QUEI SILENZI (CHE PARLANO)
Ieri, al fiorentino Istituto degl’Innocenti, Sergio Mattarella è stato salutato con un lungo, caloroso applauso. Il fatto non fa notizia perché ormai è quello che un po’ accade dappertutto. La cosa stupefacente è invece un’altra.
Gli astanti gli hanno tributato applausi altrettanto calorosi anche quando il presidente della Repubblica ha guadagnato alla svelta l’uscita. Certo, ha lodato il benemerito Istituto di Piazza della Santissima Annunziata. Ed è apparso emozionato dopo aver ascoltato l’Inno di Mameli, da non molto Inno ufficiale della Repubblica dopo essere stato provvisorio dal 1946 fino a ieri, messo in bocca a bambini svegli. Le speranze d’Italia, se non ci illudiamo. Ma dopo queste sue parole, sentite ma un po’ di circostanza, se l’è cavata come Alcide De Gasperi. Dopo aver detto quel che aveva da dire, non ha avuto null’altro da aggiungere.
Mattarella ieri si è trovato davanti a un bivio. Poteva allargare a dismisura la fisarmonica delle esternazioni o chiuderla ermeticamente. Ha optato per questo secondo corno del dilemma. Davanti a un’Italia ai minimi storici con la Francia e in presenza di un inusitato attacco di esponenti di prima fila del governo alle autorità indipendenti, a cominciare dalla Banca d’Italia, il presidente della Repubblica ha ritenuto opportuno abbracciare la massima secondo cui il silenzio è d’oro. Ma ci sono dei silenzi che sono, per così dire, cantatori. Silenzi che ci fanno capire che la febbre nel Paese è alta, e a volte la si abbassa più che con le parole, con i silenzi.
D’altra parte, Mattarella avrebbe potuto far propria la collaudata scuola democristiana, che da un certo punto di vista — piaccia o no — è stata una grande scuola. Tanto per non fare nomi e cognomi, alti papaveri del partito di maggioranza relativa del tempo che fu, come Tommaso Morlini e Arnaldo Forlani, erano in grado di parlare per ore senza dire mai niente. Di proposito, si capisce. Per la disperazione dei giornalisti, che non sapevano come interpretare quel diluvio di parole in libertà. Ma allora perché quell’applauso finale agl’Innocenti? Perché, come sosteneva Ettore Petrolini, quando uno è bravo, anche se non dice niente è sempre bravo.
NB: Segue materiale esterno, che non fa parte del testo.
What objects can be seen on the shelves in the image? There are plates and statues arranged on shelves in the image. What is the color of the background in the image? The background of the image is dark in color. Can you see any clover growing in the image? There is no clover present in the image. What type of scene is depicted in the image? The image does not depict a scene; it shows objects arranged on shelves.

Dopo che Mattarella ha parlato del benemerito Istituto, come Leo Longanesi parlava dell’elefante quando non intendeva esporsi, ci è tornata alla mente una storiella dei primi anni Cinquanta. In occasione di una delle solite crisi ministeriali, i cronisti chiesero lumi all’allora segretario politico della Dc, Attilio Piccioni. Che non si fece pregare. Allargò le braccia e pronunciò un sibillino «Mah». Ma subito dopo, pentitosi di tanto ardire, tornò sui suoi passi e dichiarò: «Sia chiaro, io non ho detto niente». Diciamocela tutta: un po’ di delusione c’è stata. Come ha fatto altre volte, Mattarella avrebbe potuto parlare a nuora perché la suocera — o, per meglio dire, le due suocere che ci troviamo pro tempore sul gobbo — intenda. E invece nulla di nulla. Muto come un pesce.
Alla fine, solo il sindaco Dario Nardella è apparso felice di esistere. Dopo tutto, il capo dello Stato — mica un Pinco Palla qualsiasi — si è scomodato a venire da Roma solo per inaugurare la sua linea 2 della tramvia.